DESCRIPTION OF THE TASK - Make an exact copy of all the entries, but do not reproduce the pictures.

■ ■ ■ ■ ■

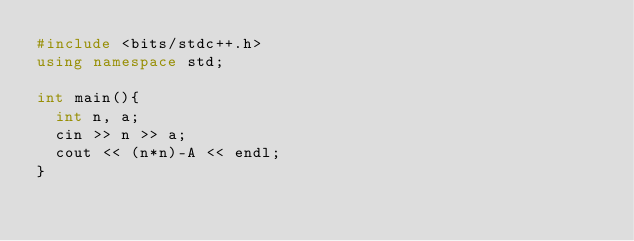<code> <loc_0><loc_0><loc_500><loc_500><_C++_>#include <bits/stdc++.h>
using namespace std;
 
int main(){
  int n, a;
  cin >> n >> a;  
  cout << (n*n)-A << endl;
}</code> 
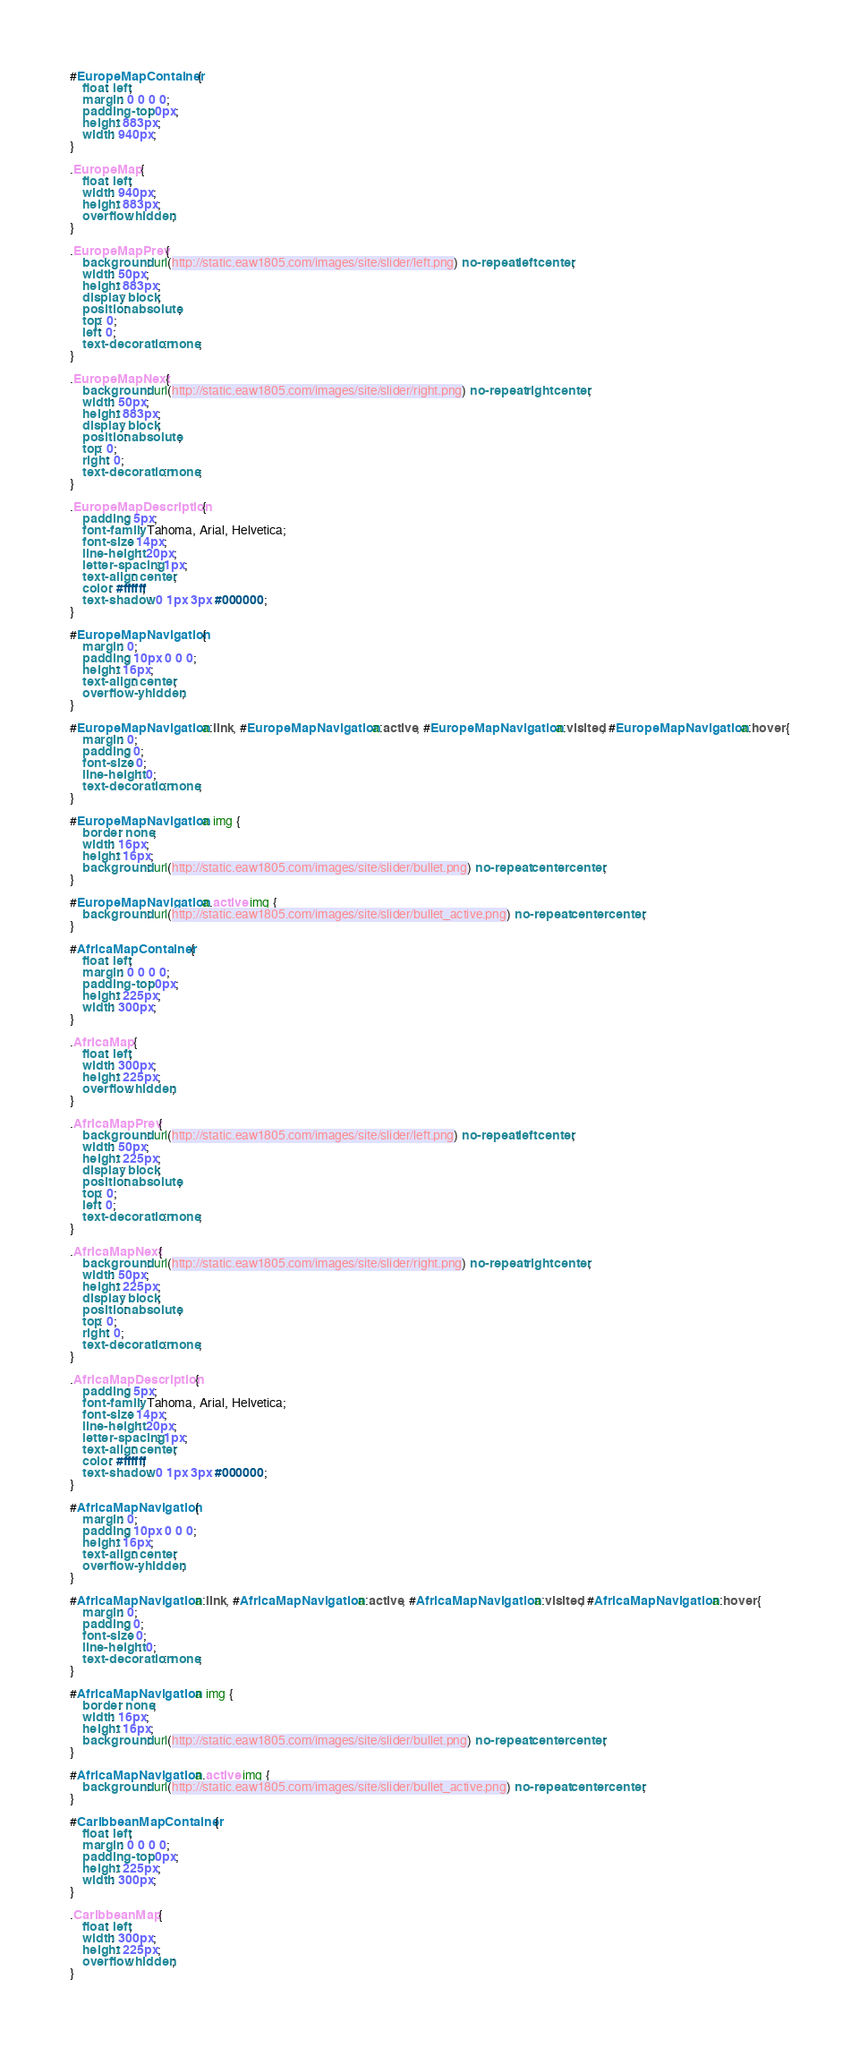Convert code to text. <code><loc_0><loc_0><loc_500><loc_500><_CSS_>#EuropeMapContainer {
    float: left;
    margin: 0 0 0 0;
    padding-top: 0px;
    height: 883px;
    width: 940px;
}

.EuropeMap {
    float: left;
    width: 940px;
    height: 883px;
    overflow: hidden;
}

.EuropeMapPrev {
    background: url(http://static.eaw1805.com/images/site/slider/left.png) no-repeat left center;
    width: 50px;
    height: 883px;
    display: block;
    position: absolute;
    top: 0;
    left: 0;
    text-decoration: none;
}

.EuropeMapNext {
    background: url(http://static.eaw1805.com/images/site/slider/right.png) no-repeat right center;
    width: 50px;
    height: 883px;
    display: block;
    position: absolute;
    top: 0;
    right: 0;
    text-decoration: none;
}

.EuropeMapDescription {
    padding: 5px;
    font-family: Tahoma, Arial, Helvetica;
    font-size: 14px;
    line-height: 20px;
    letter-spacing: 1px;
    text-align: center;
    color: #ffffff;
    text-shadow: 0 1px 3px #000000;
}

#EuropeMapNavigation {
    margin: 0;
    padding: 10px 0 0 0;
    height: 16px;
    text-align: center;
    overflow-y: hidden;
}

#EuropeMapNavigation a:link, #EuropeMapNavigation a:active, #EuropeMapNavigation a:visited, #EuropeMapNavigation a:hover {
    margin: 0;
    padding: 0;
    font-size: 0;
    line-height: 0;
    text-decoration: none;
}

#EuropeMapNavigation a img {
    border: none;
    width: 16px;
    height: 16px;
    background: url(http://static.eaw1805.com/images/site/slider/bullet.png) no-repeat center center;
}

#EuropeMapNavigation a.active img {
    background: url(http://static.eaw1805.com/images/site/slider/bullet_active.png) no-repeat center center;
}

#AfricaMapContainer {
    float: left;
    margin: 0 0 0 0;
    padding-top: 0px;
    height: 225px;
    width: 300px;
}

.AfricaMap {
    float: left;
    width: 300px;
    height: 225px;
    overflow: hidden;
}

.AfricaMapPrev {
    background: url(http://static.eaw1805.com/images/site/slider/left.png) no-repeat left center;
    width: 50px;
    height: 225px;
    display: block;
    position: absolute;
    top: 0;
    left: 0;
    text-decoration: none;
}

.AfricaMapNext {
    background: url(http://static.eaw1805.com/images/site/slider/right.png) no-repeat right center;
    width: 50px;
    height: 225px;
    display: block;
    position: absolute;
    top: 0;
    right: 0;
    text-decoration: none;
}

.AfricaMapDescription {
    padding: 5px;
    font-family: Tahoma, Arial, Helvetica;
    font-size: 14px;
    line-height: 20px;
    letter-spacing: 1px;
    text-align: center;
    color: #ffffff;
    text-shadow: 0 1px 3px #000000;
}

#AfricaMapNavigation {
    margin: 0;
    padding: 10px 0 0 0;
    height: 16px;
    text-align: center;
    overflow-y: hidden;
}

#AfricaMapNavigation a:link, #AfricaMapNavigation a:active, #AfricaMapNavigation a:visited, #AfricaMapNavigation a:hover {
    margin: 0;
    padding: 0;
    font-size: 0;
    line-height: 0;
    text-decoration: none;
}

#AfricaMapNavigation a img {
    border: none;
    width: 16px;
    height: 16px;
    background: url(http://static.eaw1805.com/images/site/slider/bullet.png) no-repeat center center;
}

#AfricaMapNavigation a.active img {
    background: url(http://static.eaw1805.com/images/site/slider/bullet_active.png) no-repeat center center;
}

#CaribbeanMapContainer {
    float: left;
    margin: 0 0 0 0;
    padding-top: 0px;
    height: 225px;
    width: 300px;
}

.CaribbeanMap {
    float: left;
    width: 300px;
    height: 225px;
    overflow: hidden;
}
</code> 
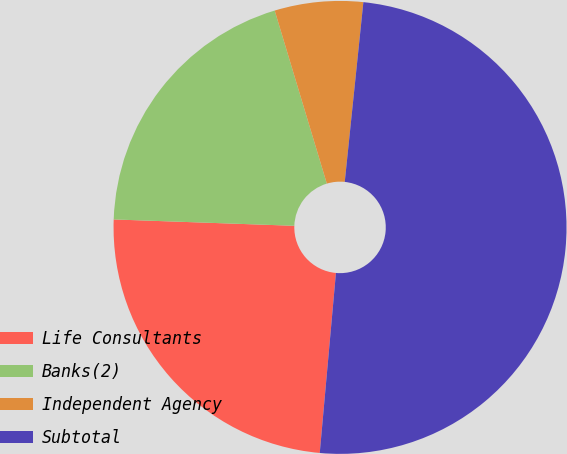<chart> <loc_0><loc_0><loc_500><loc_500><pie_chart><fcel>Life Consultants<fcel>Banks(2)<fcel>Independent Agency<fcel>Subtotal<nl><fcel>24.13%<fcel>19.78%<fcel>6.3%<fcel>49.78%<nl></chart> 
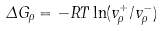Convert formula to latex. <formula><loc_0><loc_0><loc_500><loc_500>\Delta G _ { \rho } = - R T \ln ( v _ { \rho } ^ { + } / v _ { \rho } ^ { - } )</formula> 
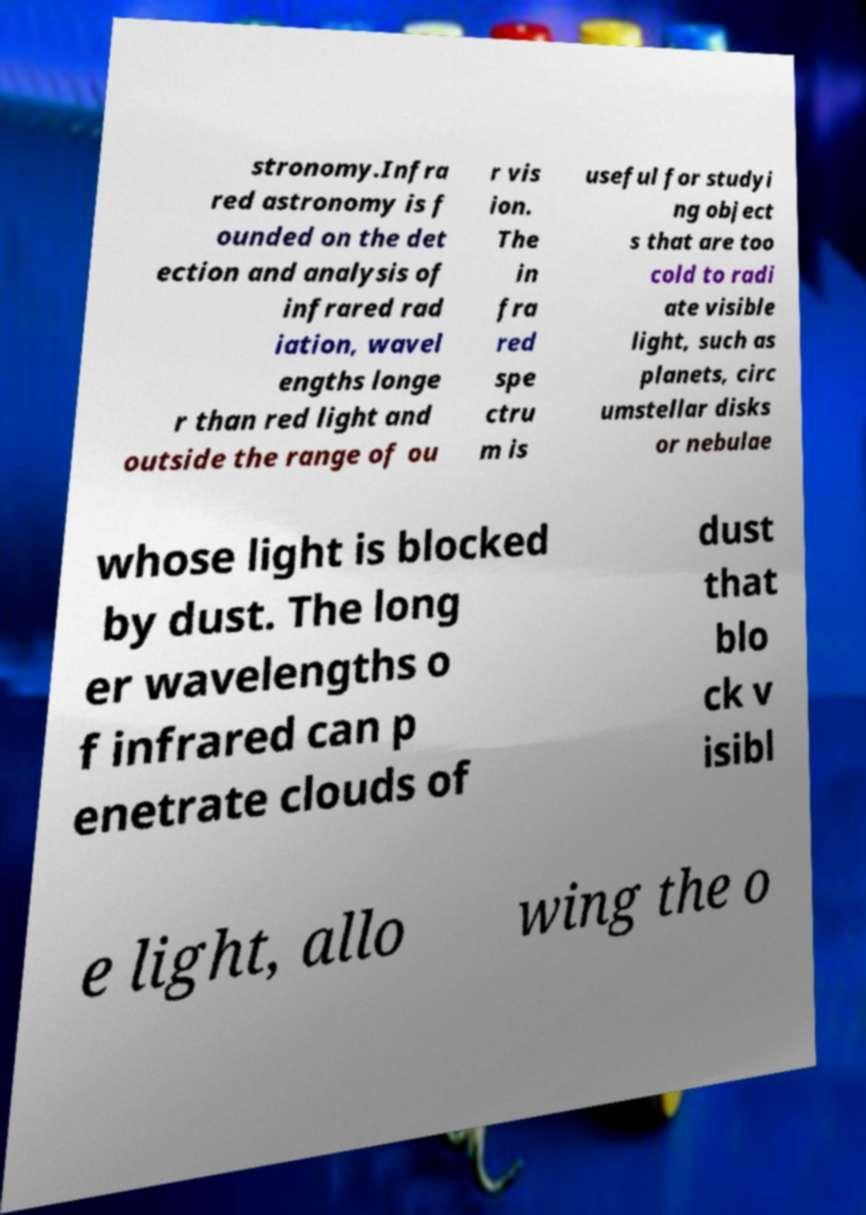For documentation purposes, I need the text within this image transcribed. Could you provide that? stronomy.Infra red astronomy is f ounded on the det ection and analysis of infrared rad iation, wavel engths longe r than red light and outside the range of ou r vis ion. The in fra red spe ctru m is useful for studyi ng object s that are too cold to radi ate visible light, such as planets, circ umstellar disks or nebulae whose light is blocked by dust. The long er wavelengths o f infrared can p enetrate clouds of dust that blo ck v isibl e light, allo wing the o 
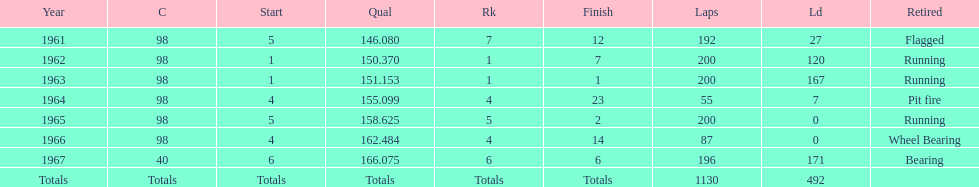Number of times to finish the races running. 3. Could you help me parse every detail presented in this table? {'header': ['Year', 'C', 'Start', 'Qual', 'Rk', 'Finish', 'Laps', 'Ld', 'Retired'], 'rows': [['1961', '98', '5', '146.080', '7', '12', '192', '27', 'Flagged'], ['1962', '98', '1', '150.370', '1', '7', '200', '120', 'Running'], ['1963', '98', '1', '151.153', '1', '1', '200', '167', 'Running'], ['1964', '98', '4', '155.099', '4', '23', '55', '7', 'Pit fire'], ['1965', '98', '5', '158.625', '5', '2', '200', '0', 'Running'], ['1966', '98', '4', '162.484', '4', '14', '87', '0', 'Wheel Bearing'], ['1967', '40', '6', '166.075', '6', '6', '196', '171', 'Bearing'], ['Totals', 'Totals', 'Totals', 'Totals', 'Totals', 'Totals', '1130', '492', '']]}

■ ■ ■ ■ ■

RESULT BELOW -
<code> <loc_0><loc_0><loc_500><loc_500><_C++_>#include <bits/stdc++.h>
using namespace std;
 
int main(){
  int n, a;
  cin >> n >> a;  
  cout << (n*n)-A << endl;
}</code> 
Convert code to text. <code><loc_0><loc_0><loc_500><loc_500><_CSS_>#EuropeMapContainer {
    float: left;
    margin: 0 0 0 0;
    padding-top: 0px;
    height: 883px;
    width: 940px;
}

.EuropeMap {
    float: left;
    width: 940px;
    height: 883px;
    overflow: hidden;
}

.EuropeMapPrev {
    background: url(http://static.eaw1805.com/images/site/slider/left.png) no-repeat left center;
    width: 50px;
    height: 883px;
    display: block;
    position: absolute;
    top: 0;
    left: 0;
    text-decoration: none;
}

.EuropeMapNext {
    background: url(http://static.eaw1805.com/images/site/slider/right.png) no-repeat right center;
    width: 50px;
    height: 883px;
    display: block;
    position: absolute;
    top: 0;
    right: 0;
    text-decoration: none;
}

.EuropeMapDescription {
    padding: 5px;
    font-family: Tahoma, Arial, Helvetica;
    font-size: 14px;
    line-height: 20px;
    letter-spacing: 1px;
    text-align: center;
    color: #ffffff;
    text-shadow: 0 1px 3px #000000;
}

#EuropeMapNavigation {
    margin: 0;
    padding: 10px 0 0 0;
    height: 16px;
    text-align: center;
    overflow-y: hidden;
}

#EuropeMapNavigation a:link, #EuropeMapNavigation a:active, #EuropeMapNavigation a:visited, #EuropeMapNavigation a:hover {
    margin: 0;
    padding: 0;
    font-size: 0;
    line-height: 0;
    text-decoration: none;
}

#EuropeMapNavigation a img {
    border: none;
    width: 16px;
    height: 16px;
    background: url(http://static.eaw1805.com/images/site/slider/bullet.png) no-repeat center center;
}

#EuropeMapNavigation a.active img {
    background: url(http://static.eaw1805.com/images/site/slider/bullet_active.png) no-repeat center center;
}

#AfricaMapContainer {
    float: left;
    margin: 0 0 0 0;
    padding-top: 0px;
    height: 225px;
    width: 300px;
}

.AfricaMap {
    float: left;
    width: 300px;
    height: 225px;
    overflow: hidden;
}

.AfricaMapPrev {
    background: url(http://static.eaw1805.com/images/site/slider/left.png) no-repeat left center;
    width: 50px;
    height: 225px;
    display: block;
    position: absolute;
    top: 0;
    left: 0;
    text-decoration: none;
}

.AfricaMapNext {
    background: url(http://static.eaw1805.com/images/site/slider/right.png) no-repeat right center;
    width: 50px;
    height: 225px;
    display: block;
    position: absolute;
    top: 0;
    right: 0;
    text-decoration: none;
}

.AfricaMapDescription {
    padding: 5px;
    font-family: Tahoma, Arial, Helvetica;
    font-size: 14px;
    line-height: 20px;
    letter-spacing: 1px;
    text-align: center;
    color: #ffffff;
    text-shadow: 0 1px 3px #000000;
}

#AfricaMapNavigation {
    margin: 0;
    padding: 10px 0 0 0;
    height: 16px;
    text-align: center;
    overflow-y: hidden;
}

#AfricaMapNavigation a:link, #AfricaMapNavigation a:active, #AfricaMapNavigation a:visited, #AfricaMapNavigation a:hover {
    margin: 0;
    padding: 0;
    font-size: 0;
    line-height: 0;
    text-decoration: none;
}

#AfricaMapNavigation a img {
    border: none;
    width: 16px;
    height: 16px;
    background: url(http://static.eaw1805.com/images/site/slider/bullet.png) no-repeat center center;
}

#AfricaMapNavigation a.active img {
    background: url(http://static.eaw1805.com/images/site/slider/bullet_active.png) no-repeat center center;
}

#CaribbeanMapContainer {
    float: left;
    margin: 0 0 0 0;
    padding-top: 0px;
    height: 225px;
    width: 300px;
}

.CaribbeanMap {
    float: left;
    width: 300px;
    height: 225px;
    overflow: hidden;
}
</code> 
<chart> <loc_0><loc_0><loc_500><loc_500><pie_chart><fcel>Life Consultants<fcel>Banks(2)<fcel>Independent Agency<fcel>Subtotal<nl><fcel>24.13%<fcel>19.78%<fcel>6.3%<fcel>49.78%<nl></chart> 
Convert formula to latex. <formula><loc_0><loc_0><loc_500><loc_500>\Delta G _ { \rho } = - R T \ln ( v _ { \rho } ^ { + } / v _ { \rho } ^ { - } )</formula> 
For documentation purposes, I need the text within this image transcribed. Could you provide that? stronomy.Infra red astronomy is f ounded on the det ection and analysis of infrared rad iation, wavel engths longe r than red light and outside the range of ou r vis ion. The in fra red spe ctru m is useful for studyi ng object s that are too cold to radi ate visible light, such as planets, circ umstellar disks or nebulae whose light is blocked by dust. The long er wavelengths o f infrared can p enetrate clouds of dust that blo ck v isibl e light, allo wing the o 
Number of times to finish the races running. 3. Could you help me parse every detail presented in this table? {'header': ['Year', 'C', 'Start', 'Qual', 'Rk', 'Finish', 'Laps', 'Ld', 'Retired'], 'rows': [['1961', '98', '5', '146.080', '7', '12', '192', '27', 'Flagged'], ['1962', '98', '1', '150.370', '1', '7', '200', '120', 'Running'], ['1963', '98', '1', '151.153', '1', '1', '200', '167', 'Running'], ['1964', '98', '4', '155.099', '4', '23', '55', '7', 'Pit fire'], ['1965', '98', '5', '158.625', '5', '2', '200', '0', 'Running'], ['1966', '98', '4', '162.484', '4', '14', '87', '0', 'Wheel Bearing'], ['1967', '40', '6', '166.075', '6', '6', '196', '171', 'Bearing'], ['Totals', 'Totals', 'Totals', 'Totals', 'Totals', 'Totals', '1130', '492', '']]}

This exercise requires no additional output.